The Water We Swim In: What Misalignment Really Means (Part 2)

Before we ever learn to talk about expectations, we feel them.
They show up quietly—through water.


Imagine this.

You’re a kid again. It’s summer. The kind where time stretches long and lazy and smells like sunscreen and grass. You’re crouched at the edge of a creek—one that cuts behind a neighbor’s backyard or weaves through the woods like a secret. You’ve got on water shoes that never quite stay on, and the second you step in, a cold shock runs through your calves.

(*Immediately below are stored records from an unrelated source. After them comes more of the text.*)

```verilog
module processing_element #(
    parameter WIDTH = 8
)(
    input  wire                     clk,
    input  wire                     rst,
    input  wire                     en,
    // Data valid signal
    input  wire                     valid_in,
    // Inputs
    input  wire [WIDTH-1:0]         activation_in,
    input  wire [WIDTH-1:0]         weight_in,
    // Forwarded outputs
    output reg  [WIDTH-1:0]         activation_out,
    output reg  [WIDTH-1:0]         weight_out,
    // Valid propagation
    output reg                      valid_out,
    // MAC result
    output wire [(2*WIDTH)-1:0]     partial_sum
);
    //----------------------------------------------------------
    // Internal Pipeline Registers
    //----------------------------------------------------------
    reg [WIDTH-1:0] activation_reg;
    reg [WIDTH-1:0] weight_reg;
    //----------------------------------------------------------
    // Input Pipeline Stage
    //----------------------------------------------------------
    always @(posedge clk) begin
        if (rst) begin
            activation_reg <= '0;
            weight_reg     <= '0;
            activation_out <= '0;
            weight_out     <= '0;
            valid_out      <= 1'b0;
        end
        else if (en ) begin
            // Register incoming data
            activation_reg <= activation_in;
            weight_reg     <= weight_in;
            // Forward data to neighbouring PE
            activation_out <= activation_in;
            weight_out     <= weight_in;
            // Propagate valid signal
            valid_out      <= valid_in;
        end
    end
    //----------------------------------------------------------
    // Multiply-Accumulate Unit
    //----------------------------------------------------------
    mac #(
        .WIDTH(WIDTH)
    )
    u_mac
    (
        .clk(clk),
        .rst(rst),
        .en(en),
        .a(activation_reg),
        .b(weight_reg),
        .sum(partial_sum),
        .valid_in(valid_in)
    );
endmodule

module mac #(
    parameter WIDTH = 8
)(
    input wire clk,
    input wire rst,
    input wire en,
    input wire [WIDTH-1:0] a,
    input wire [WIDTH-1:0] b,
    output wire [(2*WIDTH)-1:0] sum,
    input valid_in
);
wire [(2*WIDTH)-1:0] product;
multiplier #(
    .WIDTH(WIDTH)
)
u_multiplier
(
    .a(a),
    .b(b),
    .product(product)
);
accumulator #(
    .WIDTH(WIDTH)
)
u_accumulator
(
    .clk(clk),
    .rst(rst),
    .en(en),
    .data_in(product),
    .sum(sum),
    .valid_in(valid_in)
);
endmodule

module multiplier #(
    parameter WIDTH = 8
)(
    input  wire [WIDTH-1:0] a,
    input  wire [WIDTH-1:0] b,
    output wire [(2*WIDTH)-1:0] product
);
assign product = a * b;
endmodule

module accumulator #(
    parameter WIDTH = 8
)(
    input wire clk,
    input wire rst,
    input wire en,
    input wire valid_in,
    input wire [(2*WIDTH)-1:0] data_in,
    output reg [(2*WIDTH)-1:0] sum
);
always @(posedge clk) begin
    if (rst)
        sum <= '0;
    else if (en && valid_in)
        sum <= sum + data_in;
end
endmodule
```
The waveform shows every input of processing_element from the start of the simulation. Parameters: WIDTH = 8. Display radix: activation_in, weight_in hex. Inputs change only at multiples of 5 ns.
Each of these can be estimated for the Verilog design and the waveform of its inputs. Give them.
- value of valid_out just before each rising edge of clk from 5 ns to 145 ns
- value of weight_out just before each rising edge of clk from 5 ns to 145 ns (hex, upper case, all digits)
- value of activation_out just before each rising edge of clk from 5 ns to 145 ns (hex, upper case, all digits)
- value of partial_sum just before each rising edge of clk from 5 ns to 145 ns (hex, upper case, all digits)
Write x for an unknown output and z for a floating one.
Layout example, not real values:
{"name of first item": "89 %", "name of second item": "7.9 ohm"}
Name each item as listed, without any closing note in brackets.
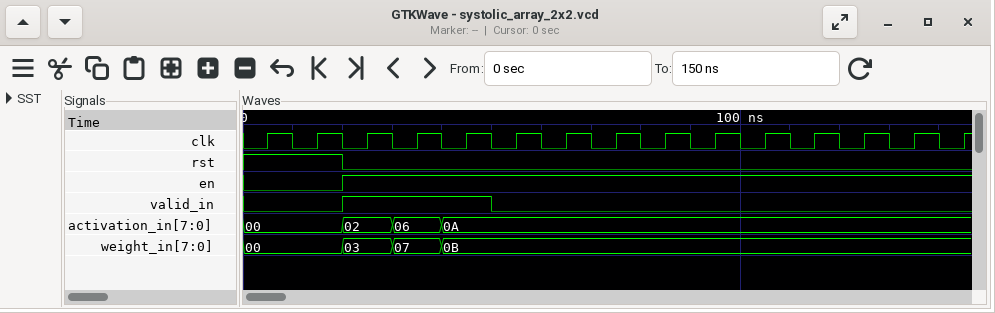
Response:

The water’s shallow, fast, and brown with sediment. You can’t see the bottom, but you already know what’s waiting: slick rocks, broken branches, maybe the sting of a sharp pebble if you’re not careful. Bugs hover. Moss clings. The current is unapologetic. It moves as though it will take you with it the second you slip and lose your footing and reminds you to carefully calculate each step as the water climbs up your legs closer to your waist the deeper you continue to venture out into it.

And still—you love it.

You shriek when it’s cold. You chase minnows. You belly-laugh with your sisters as you splash and fall and resurface covered in mud. You know it’s dirty. Unpredictable. Alive.

And that’s the expectation. Nobody promises clean.
You go in knowing there will be mess.

And because of that? You don’t feel betrayed by the water. You feel free in it.


Then life shifts.

Your dad installs a pool in the backyard. It’s turquoise and smells faintly of bleach and plastic. He teaches you how to test the water with a tiny strip. Explains chlorine. Alkalinity. Tells you what happens when the pH gets thrown off—how it can burn your eyes, damage the liner, throw everything out of balance.

There’s a cover in the winter. A net for leaves in the fall. Rules about no running, no roughhousing, no food near the edge. And now you’re forced to wait 30 minutes after eating to swim again.
It’s work. It’s maintenance. It’s ritual.

And it’s safe. Predictable. Clear.

You grow to expect that too—not just because it looks clean, but because someone cared enough to keep it that way.


Now picture this:

You walk into a public pool as an adult. It’s indoor. Fluorescent-lit. You’ve got goggles, a cap, a plan to swim laps. Halfway down the lane, you spot something bobbing in the corner—hair, a band-aid, what might be tissue—or might not.
Water you expected to present clearly, like the pool your dad installed when you were a kid, is littered with unidentified floating objects.

Your stomach turns. You’re suddenly six years old again—but not the version of you running through a creek. You’re the pool kid now. You expected clean. Instead, you got this.

Same water. Same body. Same swim. But depending on the water you were raised in—your reaction is completely different.


That’s the beginning of understanding misalignment.

Not just in pools.
In relationships. In workplaces. In family dynamics. In the way we love, trust, and engage with the world.

Some people live lives you wouldn’t fit into—and they are perfectly happy there. That doesn’t make them wrong.

It makes them different.

Because our needs shift. Our capacity shifts. Our discernment deepens. And that discernment? It comes from experience.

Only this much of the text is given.